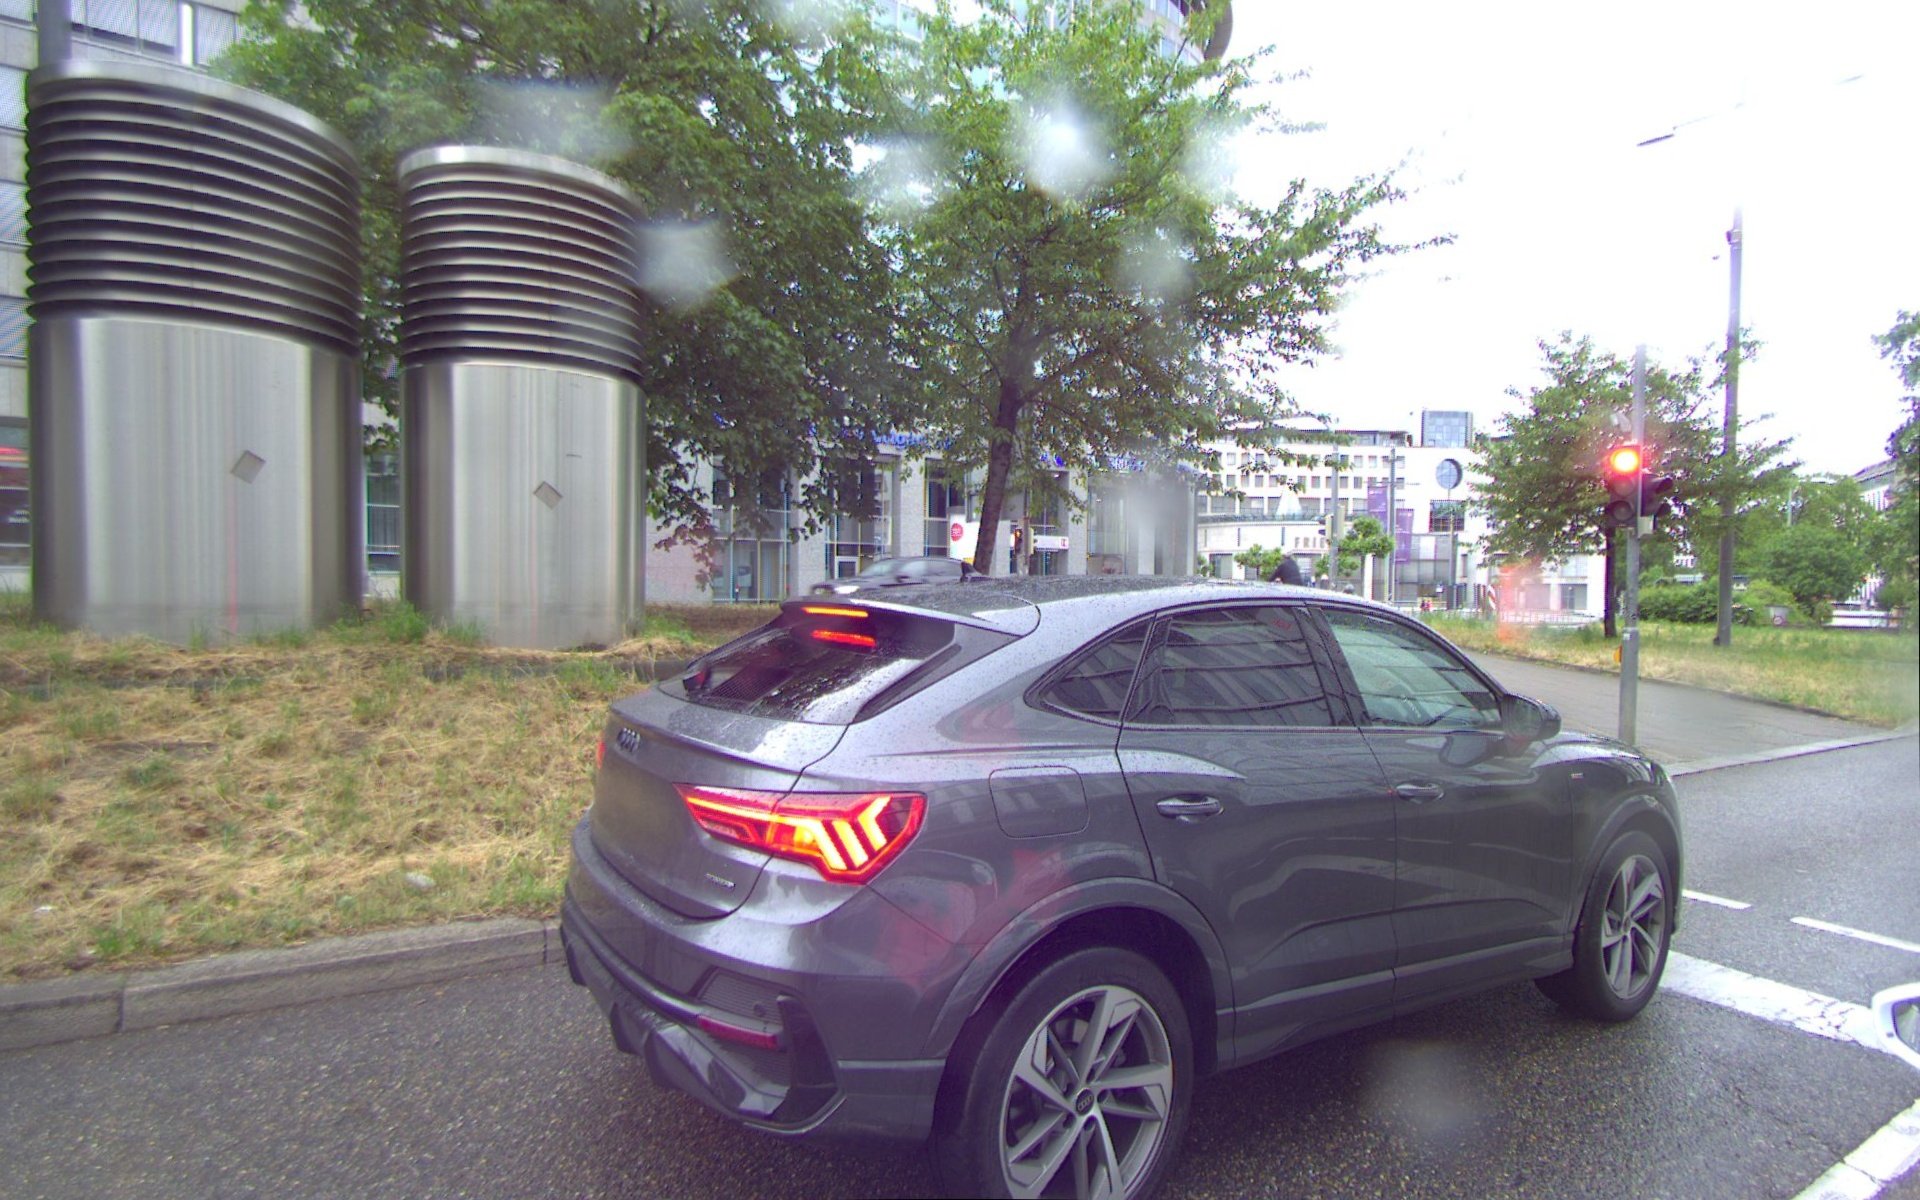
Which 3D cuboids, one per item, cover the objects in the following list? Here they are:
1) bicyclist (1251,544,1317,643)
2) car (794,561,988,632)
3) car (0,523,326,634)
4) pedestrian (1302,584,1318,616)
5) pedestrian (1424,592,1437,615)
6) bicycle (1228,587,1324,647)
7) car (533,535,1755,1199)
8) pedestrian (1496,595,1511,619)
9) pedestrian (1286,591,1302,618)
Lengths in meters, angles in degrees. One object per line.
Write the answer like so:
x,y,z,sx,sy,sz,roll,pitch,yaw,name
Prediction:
7.139,-0.164,22.166,0.753,2.111,1.077,0,4,-27,bicyclist
-1.571,-0.062,23.899,4.347,1.506,1.789,1,2,-40,car
-12.161,-0.301,15.433,3.962,1.506,1.791,1,2,-37,car
19.600,0.020,56.278,0.613,1.786,0.722,-1,-2,41,pedestrian
42.737,0.344,91.267,0.735,2.041,0.781,0,3,-44,pedestrian
7.009,0.357,22.402,0.753,1.161,2.117,0,4,-27,bicycle
0.875,0.695,3.619,4.206,1.638,1.837,0,2,-33,car
48.910,0.632,90.405,0.731,2.041,0.786,1,2,-28,pedestrian
18.956,0.260,57.030,0.718,1.536,0.689,-1,-2,36,pedestrian

[What the task requires]:
Write out every record above exactly as it stands, but leave out the pictures.

[Reply to the exercise]:
Which 3D cuboids, one per item, cover the objects in the following list? Here they are:
1) bicyclist (1251,544,1317,643)
2) car (794,561,988,632)
3) car (0,523,326,634)
4) pedestrian (1302,584,1318,616)
5) pedestrian (1424,592,1437,615)
6) bicycle (1228,587,1324,647)
7) car (533,535,1755,1199)
8) pedestrian (1496,595,1511,619)
9) pedestrian (1286,591,1302,618)
Lengths in meters, angles in degrees. One object per line.
Write the answer like so:
x,y,z,sx,sy,sz,roll,pitch,yaw,name
Prediction:
7.139,-0.164,22.166,0.753,2.111,1.077,0,4,-27,bicyclist
-1.571,-0.062,23.899,4.347,1.506,1.789,1,2,-40,car
-12.161,-0.301,15.433,3.962,1.506,1.791,1,2,-37,car
19.600,0.020,56.278,0.613,1.786,0.722,-1,-2,41,pedestrian
42.737,0.344,91.267,0.735,2.041,0.781,0,3,-44,pedestrian
7.009,0.357,22.402,0.753,1.161,2.117,0,4,-27,bicycle
0.875,0.695,3.619,4.206,1.638,1.837,0,2,-33,car
48.910,0.632,90.405,0.731,2.041,0.786,1,2,-28,pedestrian
18.956,0.260,57.030,0.718,1.536,0.689,-1,-2,36,pedestrian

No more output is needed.